Deepening our understanding of financial product usage as an indicator of Financial Inclusion
  • February 19, 2016

The UN Capital Development Fund’s (UNCDF) Making Access Possible (MAP) programme released the second in their series of MAP Insight notes, “Depth Sounding: Shifting measurement away from a one-dimensional view of financial inclusion”. Speaking as a guest on CNBCA’s Business Tonight, UNCDF Director of Inclusive Finance, Henri Dommel, indicated an explicit need to focus on the realities of how ordinary adults in developing and emerging markets conduct their financial lives. “the data from our research is highlighting that is it important to ensure that we have the correct measures in places that actively understands consumers and their markets, if we are to understand whether policies are proving effective in expanding access to financial services, and whether the market is effectively serving the financial needs of the poor so that they do not resort to sub-optimal products to do so”.

The MAP Global Insights series unpacks the linkages between account dormancy and other means of transacting through proposing fully understanding customer behaviour and their needs for a portfolio of financial services in order to achieve effective financial management.  Examples are provided of countries that need to increase depth and breadth of usage such as Lesotho, Namibia, Swaziland and Tanzania.  The note suggests a correlation between the depth of financial inclusion in a country and level of HDI.

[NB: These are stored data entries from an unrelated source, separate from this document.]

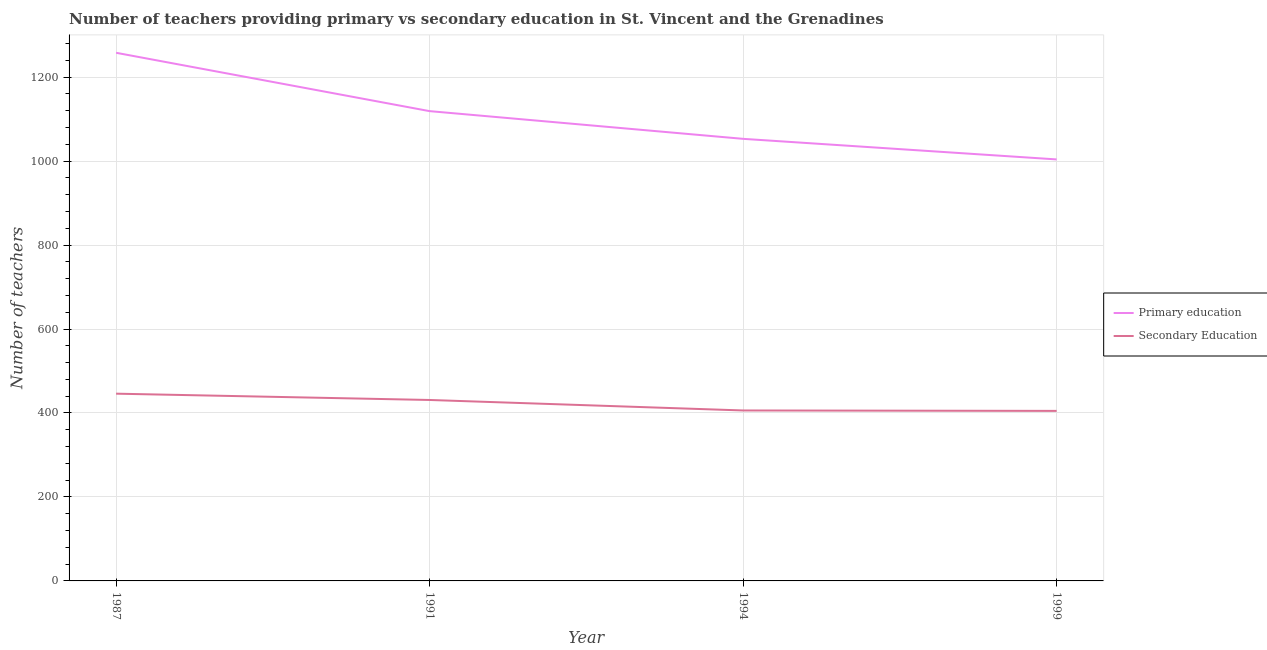Is the number of lines equal to the number of legend labels?
Give a very brief answer. Yes. What is the number of primary teachers in 1987?
Give a very brief answer. 1258. Across all years, what is the maximum number of secondary teachers?
Offer a terse response. 446. Across all years, what is the minimum number of primary teachers?
Offer a very short reply. 1004. What is the total number of secondary teachers in the graph?
Make the answer very short. 1688. What is the difference between the number of primary teachers in 1994 and that in 1999?
Offer a terse response. 49. What is the difference between the number of primary teachers in 1991 and the number of secondary teachers in 1999?
Provide a short and direct response. 714. What is the average number of primary teachers per year?
Your answer should be very brief. 1108.5. In the year 1999, what is the difference between the number of secondary teachers and number of primary teachers?
Your response must be concise. -599. What is the ratio of the number of primary teachers in 1987 to that in 1991?
Keep it short and to the point. 1.12. Is the number of secondary teachers in 1991 less than that in 1994?
Ensure brevity in your answer.  No. What is the difference between the highest and the second highest number of primary teachers?
Offer a terse response. 139. What is the difference between the highest and the lowest number of primary teachers?
Make the answer very short. 254. In how many years, is the number of secondary teachers greater than the average number of secondary teachers taken over all years?
Your answer should be very brief. 2. Is the number of secondary teachers strictly less than the number of primary teachers over the years?
Your response must be concise. Yes. How many lines are there?
Offer a very short reply. 2. What is the difference between two consecutive major ticks on the Y-axis?
Your answer should be compact. 200. Are the values on the major ticks of Y-axis written in scientific E-notation?
Ensure brevity in your answer.  No. Does the graph contain any zero values?
Give a very brief answer. No. How are the legend labels stacked?
Give a very brief answer. Vertical. What is the title of the graph?
Give a very brief answer. Number of teachers providing primary vs secondary education in St. Vincent and the Grenadines. What is the label or title of the X-axis?
Make the answer very short. Year. What is the label or title of the Y-axis?
Your answer should be compact. Number of teachers. What is the Number of teachers of Primary education in 1987?
Offer a very short reply. 1258. What is the Number of teachers in Secondary Education in 1987?
Provide a succinct answer. 446. What is the Number of teachers of Primary education in 1991?
Your response must be concise. 1119. What is the Number of teachers in Secondary Education in 1991?
Give a very brief answer. 431. What is the Number of teachers of Primary education in 1994?
Offer a very short reply. 1053. What is the Number of teachers of Secondary Education in 1994?
Give a very brief answer. 406. What is the Number of teachers of Primary education in 1999?
Provide a succinct answer. 1004. What is the Number of teachers in Secondary Education in 1999?
Make the answer very short. 405. Across all years, what is the maximum Number of teachers of Primary education?
Offer a terse response. 1258. Across all years, what is the maximum Number of teachers in Secondary Education?
Offer a very short reply. 446. Across all years, what is the minimum Number of teachers of Primary education?
Ensure brevity in your answer.  1004. Across all years, what is the minimum Number of teachers of Secondary Education?
Your answer should be very brief. 405. What is the total Number of teachers in Primary education in the graph?
Provide a short and direct response. 4434. What is the total Number of teachers in Secondary Education in the graph?
Make the answer very short. 1688. What is the difference between the Number of teachers in Primary education in 1987 and that in 1991?
Offer a very short reply. 139. What is the difference between the Number of teachers in Secondary Education in 1987 and that in 1991?
Keep it short and to the point. 15. What is the difference between the Number of teachers of Primary education in 1987 and that in 1994?
Your answer should be very brief. 205. What is the difference between the Number of teachers in Secondary Education in 1987 and that in 1994?
Ensure brevity in your answer.  40. What is the difference between the Number of teachers in Primary education in 1987 and that in 1999?
Keep it short and to the point. 254. What is the difference between the Number of teachers of Primary education in 1991 and that in 1994?
Offer a terse response. 66. What is the difference between the Number of teachers in Secondary Education in 1991 and that in 1994?
Offer a terse response. 25. What is the difference between the Number of teachers in Primary education in 1991 and that in 1999?
Offer a terse response. 115. What is the difference between the Number of teachers of Secondary Education in 1991 and that in 1999?
Your answer should be very brief. 26. What is the difference between the Number of teachers of Primary education in 1994 and that in 1999?
Ensure brevity in your answer.  49. What is the difference between the Number of teachers of Primary education in 1987 and the Number of teachers of Secondary Education in 1991?
Provide a short and direct response. 827. What is the difference between the Number of teachers of Primary education in 1987 and the Number of teachers of Secondary Education in 1994?
Make the answer very short. 852. What is the difference between the Number of teachers in Primary education in 1987 and the Number of teachers in Secondary Education in 1999?
Make the answer very short. 853. What is the difference between the Number of teachers in Primary education in 1991 and the Number of teachers in Secondary Education in 1994?
Provide a short and direct response. 713. What is the difference between the Number of teachers of Primary education in 1991 and the Number of teachers of Secondary Education in 1999?
Your response must be concise. 714. What is the difference between the Number of teachers of Primary education in 1994 and the Number of teachers of Secondary Education in 1999?
Ensure brevity in your answer.  648. What is the average Number of teachers of Primary education per year?
Provide a succinct answer. 1108.5. What is the average Number of teachers in Secondary Education per year?
Offer a terse response. 422. In the year 1987, what is the difference between the Number of teachers in Primary education and Number of teachers in Secondary Education?
Offer a very short reply. 812. In the year 1991, what is the difference between the Number of teachers in Primary education and Number of teachers in Secondary Education?
Make the answer very short. 688. In the year 1994, what is the difference between the Number of teachers in Primary education and Number of teachers in Secondary Education?
Give a very brief answer. 647. In the year 1999, what is the difference between the Number of teachers of Primary education and Number of teachers of Secondary Education?
Your answer should be compact. 599. What is the ratio of the Number of teachers in Primary education in 1987 to that in 1991?
Offer a very short reply. 1.12. What is the ratio of the Number of teachers in Secondary Education in 1987 to that in 1991?
Provide a short and direct response. 1.03. What is the ratio of the Number of teachers of Primary education in 1987 to that in 1994?
Your answer should be compact. 1.19. What is the ratio of the Number of teachers in Secondary Education in 1987 to that in 1994?
Offer a terse response. 1.1. What is the ratio of the Number of teachers in Primary education in 1987 to that in 1999?
Offer a terse response. 1.25. What is the ratio of the Number of teachers of Secondary Education in 1987 to that in 1999?
Ensure brevity in your answer.  1.1. What is the ratio of the Number of teachers in Primary education in 1991 to that in 1994?
Keep it short and to the point. 1.06. What is the ratio of the Number of teachers in Secondary Education in 1991 to that in 1994?
Offer a terse response. 1.06. What is the ratio of the Number of teachers in Primary education in 1991 to that in 1999?
Ensure brevity in your answer.  1.11. What is the ratio of the Number of teachers in Secondary Education in 1991 to that in 1999?
Offer a very short reply. 1.06. What is the ratio of the Number of teachers of Primary education in 1994 to that in 1999?
Offer a terse response. 1.05. What is the difference between the highest and the second highest Number of teachers of Primary education?
Provide a succinct answer. 139. What is the difference between the highest and the lowest Number of teachers of Primary education?
Offer a very short reply. 254. What is the difference between the highest and the lowest Number of teachers in Secondary Education?
Provide a short and direct response. 41.

The need for a portfolio of products extends beyond simply having access to the traditional product classes of savings, payments, credit and insurance.  The multi-country research highlights that households and individuals require multiple products within the product classes of savings, payments, credit and insurance.  Different types of clients behave differently and have different needs for financial services.  The additional measurement, depth, can be applied across countries as well as within individual target markets.  In Lesotho for example, a large overlap exists between usage of formal and informal products.  This means the informal sector in Lesotho extends both the depth and breadth of usage, and that even people using formal financial products continue to use informal products in parallel, by choice. 

The critical question is what does all this mean for product and service providers as well as policymakers?  The research highlights that consumers of financial products need to be able to select from multiple product classes if they are to meet their full range of financial needs.  From the providers perspective, financial products and services provide a platform for net gains in revenue.  Countries such as Malawi, Mozambique and Myanmar with underdeveloped financial sectors present growth opportunities. 

For Policy makers, “Depth Sounding” indicates that measuring breath of usage of financial services presents the need for re-designed financial inclusion interventions.  An appropriate focus on the right consumer indicators and metrics ensures that how we measure financial inclusion is an actual reflection of the behaviour and value derived of households and individuals. 

MAP is a multi-country initiative that supports financial inclusion through a process of evidence-based analysis feeding into a financial inclusion roadmap jointly implemented by a range of local stakeholders. MAP was initiated by UNCDF and is implemented in partnership with FinMark Trust and the Centre for Financial Regulation and Inclusion (Cenfri). In each country, MAP brings together a broad range of stakeholders from within government, the private sector, and the donor community to create a set of practical actions aimed at extending financial inclusion tailored to that country.